Madeline was uttering a lot of “ewww’s” and “gross’s” but yet was all too willing to look at the books I handed over. We thumbed through the books and I pointed out how cool and amazing the scientific process of making life is to deflect from the physical process. I giggled with them over the drawings of naked grown ups while I discussed that sex is not something children do because it’s a special thing between two people in love. I also explained that sex is a private topic and that they shouldn’t tell the kids at school. My kids attend a catholic school and I can just see a pissed off parent calling me because my kid told theirs that God isn’t the only person who puts a baby in a woman’s belly.

I also talked to them about periods and puberty but much of that they already knew along with how a baby comes out. The nurse in me never had any trouble with discussing those things. It’s the whole penis in the vagina thing that I got hung up on. Mostly because of my childhood memory of when I found out about intercourse. I was six when my cousin told me and I was completely grossed out because my parents were not discreet about their sexual relations. I had seen or heard them in one too many sexual situations and once I knew what they were doing I was mortified and disgusted. I don’t want my kids to feel that way about sex. It’s always icky to think about our parents having sex but I’m hopeful that since I have a better relationship with my kids than my parents did with me that they won’t be scarred by this new information like I was.

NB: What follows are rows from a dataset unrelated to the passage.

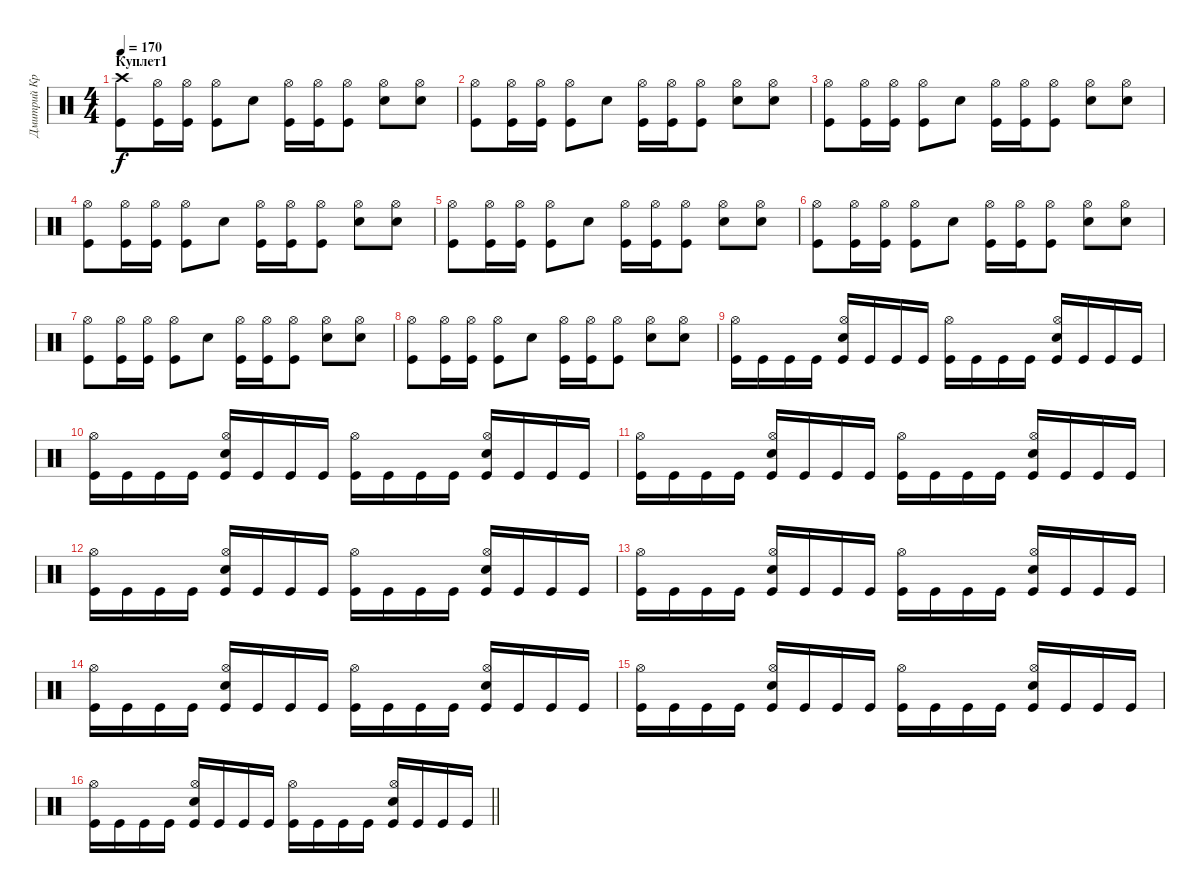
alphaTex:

\track ("Дмитрий Кривенков" "Дмитрий Кр") {instrument percussion}
\staff {score}
\articulation defaults
\ts (4 4)
\section ("" "Куплет1")
\tempo 170
\clef neutral
\ks c
("Crash high (hit)" "Kick (hit)").8{dy f} ("Hi-Hat (open)" "Kick (hit)").16 ("Hi-Hat (open)" "Kick (hit)").16 ("Hi-Hat (open)" "Kick (hit)").8 "Snare (hit) 2".8 ("Hi-Hat (open)" "Kick (hit)").16 ("Hi-Hat (open)" "Kick (hit)").16 ("Hi-Hat (open)" "Kick (hit)").8 ("Hi-Hat (open)" "Snare (hit) 2").8 ("Hi-Hat (open)" "Snare (hit) 2").8 |
("Hi-Hat (open)" "Kick (hit)").8 ("Hi-Hat (open)" "Kick (hit)").16 ("Hi-Hat (open)" "Kick (hit)").16 ("Hi-Hat (open)" "Kick (hit)").8 "Snare (hit) 2".8 ("Hi-Hat (open)" "Kick (hit)").16 ("Hi-Hat (open)" "Kick (hit)").16 ("Hi-Hat (open)" "Kick (hit)").8 ("Hi-Hat (open)" "Snare (hit) 2").8 ("Hi-Hat (open)" "Snare (hit) 2").8 |
("Hi-Hat (open)" "Kick (hit)").8 ("Hi-Hat (open)" "Kick (hit)").16 ("Hi-Hat (open)" "Kick (hit)").16 ("Hi-Hat (open)" "Kick (hit)").8 "Snare (hit) 2".8 ("Hi-Hat (open)" "Kick (hit)").16 ("Hi-Hat (open)" "Kick (hit)").16 ("Hi-Hat (open)" "Kick (hit)").8 ("Hi-Hat (open)" "Snare (hit) 2").8 ("Hi-Hat (open)" "Snare (hit) 2").8 |
("Hi-Hat (open)" "Kick (hit)").8 ("Hi-Hat (open)" "Kick (hit)").16 ("Hi-Hat (open)" "Kick (hit)").16 ("Hi-Hat (open)" "Kick (hit)").8 "Snare (hit) 2".8 ("Hi-Hat (open)" "Kick (hit)").16 ("Hi-Hat (open)" "Kick (hit)").16 ("Hi-Hat (open)" "Kick (hit)").8 ("Hi-Hat (open)" "Snare (hit) 2").8 ("Hi-Hat (open)" "Snare (hit) 2").8 |
("Hi-Hat (open)" "Kick (hit)").8 ("Hi-Hat (open)" "Kick (hit)").16 ("Hi-Hat (open)" "Kick (hit)").16 ("Hi-Hat (open)" "Kick (hit)").8 "Snare (hit) 2".8 ("Hi-Hat (open)" "Kick (hit)").16 ("Hi-Hat (open)" "Kick (hit)").16 ("Hi-Hat (open)" "Kick (hit)").8 ("Hi-Hat (open)" "Snare (hit) 2").8 ("Hi-Hat (open)" "Snare (hit) 2").8 |
("Hi-Hat (open)" "Kick (hit)").8 ("Hi-Hat (open)" "Kick (hit)").16 ("Hi-Hat (open)" "Kick (hit)").16 ("Hi-Hat (open)" "Kick (hit)").8 "Snare (hit) 2".8 ("Hi-Hat (open)" "Kick (hit)").16 ("Hi-Hat (open)" "Kick (hit)").16 ("Hi-Hat (open)" "Kick (hit)").8 ("Hi-Hat (open)" "Snare (hit) 2").8 ("Hi-Hat (open)" "Snare (hit) 2").8 |
("Hi-Hat (open)" "Kick (hit)").8 ("Hi-Hat (open)" "Kick (hit)").16 ("Hi-Hat (open)" "Kick (hit)").16 ("Hi-Hat (open)" "Kick (hit)").8 "Snare (hit) 2".8 ("Hi-Hat (open)" "Kick (hit)").16 ("Hi-Hat (open)" "Kick (hit)").16 ("Hi-Hat (open)" "Kick (hit)").8 ("Hi-Hat (open)" "Snare (hit) 2").8 ("Hi-Hat (open)" "Snare (hit) 2").8 |
("Hi-Hat (open)" "Kick (hit)").8 ("Hi-Hat (open)" "Kick (hit)").16 ("Hi-Hat (open)" "Kick (hit)").16 ("Hi-Hat (open)" "Kick (hit)").8 "Snare (hit) 2".8 ("Hi-Hat (open)" "Kick (hit)").16 ("Hi-Hat (open)" "Kick (hit)").16 ("Hi-Hat (open)" "Kick (hit)").8 ("Hi-Hat (open)" "Snare (hit) 2").8 ("Hi-Hat (open)" "Snare (hit) 2").8 |
("Hi-Hat (open)" "Kick (hit)").16 "Kick (hit)".16 "Kick (hit)".16 "Kick (hit)".16 ("Hi-Hat (open)" "Snare (hit) 2" "Kick (hit)").16 "Kick (hit)".16 "Kick (hit)".16 "Kick (hit)".16 ("Hi-Hat (open)" "Kick (hit)").16 "Kick (hit)".16 "Kick (hit)".16 "Kick (hit)".16 ("Hi-Hat (open)" "Snare (hit) 2" "Kick (hit)").16 "Kick (hit)".16 "Kick (hit)".16 "Kick (hit)".16 |
("Hi-Hat (open)" "Kick (hit)").16 "Kick (hit)".16 "Kick (hit)".16 "Kick (hit)".16 ("Hi-Hat (open)" "Snare (hit) 2" "Kick (hit)").16 "Kick (hit)".16 "Kick (hit)".16 "Kick (hit)".16 ("Hi-Hat (open)" "Kick (hit)").16 "Kick (hit)".16 "Kick (hit)".16 "Kick (hit)".16 ("Hi-Hat (open)" "Snare (hit) 2" "Kick (hit)").16 "Kick (hit)".16 "Kick (hit)".16 "Kick (hit)".16 |
("Hi-Hat (open)" "Kick (hit)").16 "Kick (hit)".16 "Kick (hit)".16 "Kick (hit)".16 ("Hi-Hat (open)" "Snare (hit) 2" "Kick (hit)").16 "Kick (hit)".16 "Kick (hit)".16 "Kick (hit)".16 ("Hi-Hat (open)" "Kick (hit)").16 "Kick (hit)".16 "Kick (hit)".16 "Kick (hit)".16 ("Hi-Hat (open)" "Snare (hit) 2" "Kick (hit)").16 "Kick (hit)".16 "Kick (hit)".16 "Kick (hit)".16 |
("Hi-Hat (open)" "Kick (hit)").16 "Kick (hit)".16 "Kick (hit)".16 "Kick (hit)".16 ("Hi-Hat (open)" "Snare (hit) 2" "Kick (hit)").16 "Kick (hit)".16 "Kick (hit)".16 "Kick (hit)".16 ("Hi-Hat (open)" "Kick (hit)").16 "Kick (hit)".16 "Kick (hit)".16 "Kick (hit)".16 ("Hi-Hat (open)" "Snare (hit) 2" "Kick (hit)").16 "Kick (hit)".16 "Kick (hit)".16 "Kick (hit)".16 |
("Hi-Hat (open)" "Kick (hit)").16 "Kick (hit)".16 "Kick (hit)".16 "Kick (hit)".16 ("Hi-Hat (open)" "Snare (hit) 2" "Kick (hit)").16 "Kick (hit)".16 "Kick (hit)".16 "Kick (hit)".16 ("Hi-Hat (open)" "Kick (hit)").16 "Kick (hit)".16 "Kick (hit)".16 "Kick (hit)".16 ("Hi-Hat (open)" "Snare (hit) 2" "Kick (hit)").16 "Kick (hit)".16 "Kick (hit)".16 "Kick (hit)".16 |
("Hi-Hat (open)" "Kick (hit)").16 "Kick (hit)".16 "Kick (hit)".16 "Kick (hit)".16 ("Hi-Hat (open)" "Snare (hit) 2" "Kick (hit)").16 "Kick (hit)".16 "Kick (hit)".16 "Kick (hit)".16 ("Hi-Hat (open)" "Kick (hit)").16 "Kick (hit)".16 "Kick (hit)".16 "Kick (hit)".16 ("Hi-Hat (open)" "Snare (hit) 2" "Kick (hit)").16 "Kick (hit)".16 "Kick (hit)".16 "Kick (hit)".16 |
("Hi-Hat (open)" "Kick (hit)").16 "Kick (hit)".16 "Kick (hit)".16 "Kick (hit)".16 ("Hi-Hat (open)" "Snare (hit) 2" "Kick (hit)").16 "Kick (hit)".16 "Kick (hit)".16 "Kick (hit)".16 ("Hi-Hat (open)" "Kick (hit)").16 "Kick (hit)".16 "Kick (hit)".16 "Kick (hit)".16 ("Hi-Hat (open)" "Snare (hit) 2" "Kick (hit)").16 "Kick (hit)".16 "Kick (hit)".16 "Kick (hit)".16 |
\barLineRight lightlight
("Hi-Hat (open)" "Kick (hit)").16 "Kick (hit)".16 "Kick (hit)".16 "Kick (hit)".16 ("Hi-Hat (open)" "Snare (hit) 2" "Kick (hit)").16 "Kick (hit)".16 "Kick (hit)".16 "Kick (hit)".16 ("Hi-Hat (open)" "Kick (hit)").16 "Kick (hit)".16 "Kick (hit)".16 "Kick (hit)".16 ("Hi-Hat (open)" "Snare (hit) 2" "Kick (hit)").16 "Kick (hit)".16 "Kick (hit)".16 "Kick (hit)".16

I left them alone with the books but listened from another room. I had to smile as I listened to them giggle because it reminded me of my sister and me doing the same as kids.

I’m glad that I finally did it and that it was not at all traumatic. I was afraid that I was going to feel like they’ve lost their innocence but that was not at all how it felt. It actually felt very empowering. I’ve empowered them with important knowledge in a no big deal kind of way about something that until then had been a big secret. The secret lost it’s power and now my kids have information about something they’ve been curious about plus the added benefit of knowing they can talk to me about sex and hopefully with a little less embarrassment.

Now I just have to figure out when and how to tell my son. I feel way weirder talking to him about it than the girls but there is no way my wussy husband is going to do it. Hopefully his sisters will show him the books or he will find them himself. (I’m making chicken sounds as I type this. Go ahead and join me.)